La Selección Mexicana ya está en Guadalajara y su llegada estuvo marcada por una demostración de cariño que difícilmente olvidarán jugadores, cuerpo técnico y aficionados. Miles de personas se reunieron para darle la bienvenida al equipo nacional en una noche llena de emoción, color y orgullo mexicano.
La ciudad tapatía vive días históricos. Por primera vez, México disputará un partido de Copa del Mundo en Guadalajara, una noticia que ha despertado una ilusión especial entre los seguidores del Tricolor. Esa emoción quedó reflejada desde horas antes de la llegada del equipo, cuando cientos de aficionados comenzaron a congregarse en las inmediaciones del hotel de concentración.
Guadalajara pinta de verde, blanco y rojo la llegada del Tricolor
Con el paso de la tarde, la multitud fue creciendo hasta reunir a cerca de tres mil personas. La escena fue una auténtica celebración familiar: niños portando camisetas de la Selección, padres compartiendo la emoción con sus hijos y adultos mayores que no quisieron perderse un momento que forma parte de la historia del futbol nacional.
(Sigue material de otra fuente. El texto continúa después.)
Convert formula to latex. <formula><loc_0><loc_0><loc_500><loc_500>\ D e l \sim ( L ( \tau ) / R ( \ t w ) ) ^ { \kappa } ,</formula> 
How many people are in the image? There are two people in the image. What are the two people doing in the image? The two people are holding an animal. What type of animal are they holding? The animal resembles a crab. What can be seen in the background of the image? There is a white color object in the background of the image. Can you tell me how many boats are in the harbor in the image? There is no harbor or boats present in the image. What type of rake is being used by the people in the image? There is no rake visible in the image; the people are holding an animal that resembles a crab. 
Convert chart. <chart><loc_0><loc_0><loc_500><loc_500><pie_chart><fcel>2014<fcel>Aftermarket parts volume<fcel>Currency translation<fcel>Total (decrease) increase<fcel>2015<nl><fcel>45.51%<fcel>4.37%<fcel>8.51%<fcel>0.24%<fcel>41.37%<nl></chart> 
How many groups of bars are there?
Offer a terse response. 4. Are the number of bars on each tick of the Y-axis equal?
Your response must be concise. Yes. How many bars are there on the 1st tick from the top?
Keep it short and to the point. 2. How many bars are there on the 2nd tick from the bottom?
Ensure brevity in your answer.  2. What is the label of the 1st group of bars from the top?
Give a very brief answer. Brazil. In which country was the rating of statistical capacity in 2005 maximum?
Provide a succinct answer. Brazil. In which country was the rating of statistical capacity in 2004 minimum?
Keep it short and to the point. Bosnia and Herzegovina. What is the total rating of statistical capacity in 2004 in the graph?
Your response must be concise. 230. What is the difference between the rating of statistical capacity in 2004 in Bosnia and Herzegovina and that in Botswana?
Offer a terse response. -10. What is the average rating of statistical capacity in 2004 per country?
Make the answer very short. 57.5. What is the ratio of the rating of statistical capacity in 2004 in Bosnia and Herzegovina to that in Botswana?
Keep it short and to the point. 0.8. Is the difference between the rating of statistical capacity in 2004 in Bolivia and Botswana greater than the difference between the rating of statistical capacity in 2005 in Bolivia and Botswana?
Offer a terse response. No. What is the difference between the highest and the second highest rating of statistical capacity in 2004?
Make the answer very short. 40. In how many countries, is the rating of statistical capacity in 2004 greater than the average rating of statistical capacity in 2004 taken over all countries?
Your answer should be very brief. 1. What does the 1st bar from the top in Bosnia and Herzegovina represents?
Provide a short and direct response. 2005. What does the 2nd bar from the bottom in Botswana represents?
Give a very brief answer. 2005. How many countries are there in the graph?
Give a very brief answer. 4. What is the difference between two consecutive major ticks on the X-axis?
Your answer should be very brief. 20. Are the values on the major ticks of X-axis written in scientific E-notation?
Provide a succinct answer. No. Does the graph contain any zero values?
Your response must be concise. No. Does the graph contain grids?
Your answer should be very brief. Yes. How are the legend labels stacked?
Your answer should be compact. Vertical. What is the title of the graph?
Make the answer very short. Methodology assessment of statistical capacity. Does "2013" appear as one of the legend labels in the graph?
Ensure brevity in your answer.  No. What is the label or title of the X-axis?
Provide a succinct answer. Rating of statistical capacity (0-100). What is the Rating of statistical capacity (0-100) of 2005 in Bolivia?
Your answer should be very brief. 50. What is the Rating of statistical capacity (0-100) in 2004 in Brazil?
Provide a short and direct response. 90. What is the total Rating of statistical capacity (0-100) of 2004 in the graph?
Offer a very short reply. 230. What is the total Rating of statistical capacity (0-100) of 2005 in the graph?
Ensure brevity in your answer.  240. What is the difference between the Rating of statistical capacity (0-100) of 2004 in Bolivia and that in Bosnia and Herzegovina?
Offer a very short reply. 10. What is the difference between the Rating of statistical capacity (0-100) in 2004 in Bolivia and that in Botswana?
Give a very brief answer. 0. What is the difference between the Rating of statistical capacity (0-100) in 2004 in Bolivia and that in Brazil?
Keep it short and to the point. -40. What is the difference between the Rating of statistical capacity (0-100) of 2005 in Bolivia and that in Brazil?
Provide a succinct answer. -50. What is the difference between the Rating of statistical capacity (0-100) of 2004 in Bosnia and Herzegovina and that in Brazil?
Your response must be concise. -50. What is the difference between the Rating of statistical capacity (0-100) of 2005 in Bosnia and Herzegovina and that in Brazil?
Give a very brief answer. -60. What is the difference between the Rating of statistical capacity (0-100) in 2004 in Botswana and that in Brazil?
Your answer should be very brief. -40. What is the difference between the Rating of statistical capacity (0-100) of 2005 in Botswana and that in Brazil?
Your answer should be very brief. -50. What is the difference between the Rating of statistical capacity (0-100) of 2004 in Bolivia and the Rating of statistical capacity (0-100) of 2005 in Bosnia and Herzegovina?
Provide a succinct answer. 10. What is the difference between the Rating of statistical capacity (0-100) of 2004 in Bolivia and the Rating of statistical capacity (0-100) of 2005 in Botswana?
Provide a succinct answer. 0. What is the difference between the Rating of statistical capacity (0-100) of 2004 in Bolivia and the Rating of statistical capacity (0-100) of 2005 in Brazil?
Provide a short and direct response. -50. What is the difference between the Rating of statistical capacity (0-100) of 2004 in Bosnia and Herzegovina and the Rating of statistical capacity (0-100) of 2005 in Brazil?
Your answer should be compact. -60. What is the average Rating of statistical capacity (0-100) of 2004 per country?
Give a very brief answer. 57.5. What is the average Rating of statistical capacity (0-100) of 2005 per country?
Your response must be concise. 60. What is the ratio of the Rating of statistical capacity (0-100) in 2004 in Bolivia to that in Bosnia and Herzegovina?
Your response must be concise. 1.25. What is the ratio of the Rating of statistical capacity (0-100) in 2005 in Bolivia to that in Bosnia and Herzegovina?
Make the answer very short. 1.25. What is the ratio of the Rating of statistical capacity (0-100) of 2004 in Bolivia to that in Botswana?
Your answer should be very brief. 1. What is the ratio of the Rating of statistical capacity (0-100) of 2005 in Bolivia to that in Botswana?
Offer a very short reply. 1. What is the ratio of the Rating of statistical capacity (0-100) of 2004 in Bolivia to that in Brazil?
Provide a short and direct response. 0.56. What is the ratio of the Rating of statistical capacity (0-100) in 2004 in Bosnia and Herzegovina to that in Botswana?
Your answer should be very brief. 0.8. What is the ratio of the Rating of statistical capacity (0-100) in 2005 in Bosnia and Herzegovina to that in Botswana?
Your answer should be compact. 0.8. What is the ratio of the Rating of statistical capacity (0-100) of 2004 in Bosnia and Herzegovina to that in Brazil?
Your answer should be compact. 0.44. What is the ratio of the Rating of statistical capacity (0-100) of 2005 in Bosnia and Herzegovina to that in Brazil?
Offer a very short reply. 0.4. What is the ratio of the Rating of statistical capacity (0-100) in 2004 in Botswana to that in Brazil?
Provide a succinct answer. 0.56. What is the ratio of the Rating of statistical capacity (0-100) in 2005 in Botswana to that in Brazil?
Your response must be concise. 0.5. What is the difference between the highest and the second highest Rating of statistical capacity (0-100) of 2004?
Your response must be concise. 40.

Las calles cercanas a Plaza Midtown se transformaron en una auténtica fiesta mexicana. Banderas ondeando al viento, bombos marcando el ritmo y cientos de gargantas entonando canciones crearon un ambiente inigualable. El tradicional Cielito Lindo fue uno de los himnos de la noche, acompañado por el inconfundible “¡Dale, dale, México!”, que resonó entre los edificios y contagió entusiasmo a todos los presentes.
La afición también organizó un espectacular banderazo para demostrar su apoyo al combinado nacional. Entre luces, fuegos artificiales y cánticos, los seguidores del Tricolor dejaron claro que el equipo cuenta con el respaldo de todo un país en esta aventura mundialista.
Mariachi, cánticos y un banderazo histórico para impulsar a México
Uno de los momentos más especiales llegó cuando el autobús de la Selección hizo su entrada al hotel. La emoción se multiplicó al escuchar las notas de un mariachi que recibió al plantel, una postal que combinó tradición, futbol y sentimiento nacional en un solo instante.
Sin embargo, la noche aún guardaba una sorpresa. Cuando muchos pensaban que los jugadores permanecerían dentro del hotel, varios integrantes del equipo salieron para agradecer el apoyo de la gente. La respuesta fue inmediata. Los aficionados corearon con fuerza nombres como “Hormiga”, Julián Quiñones, Guillermo Ochoa y Álvaro Fidalgo, provocando una comunión especial entre la Selección y su afición.
El encuentro concluyó con una fotografía grupal del plantel y una última muestra de apoyo desde las gradas improvisadas. Miles de voces se unieron para lanzar un mensaje cargado de ilusión y confianza: “¡Sí se puede!”.
Así, Guadalajara recibió al Tricolor con una noche inolvidable, una muestra del vínculo que une a la Selección Mexicana con su gente y del entusiasmo que despierta la posibilidad de hacer historia en casa.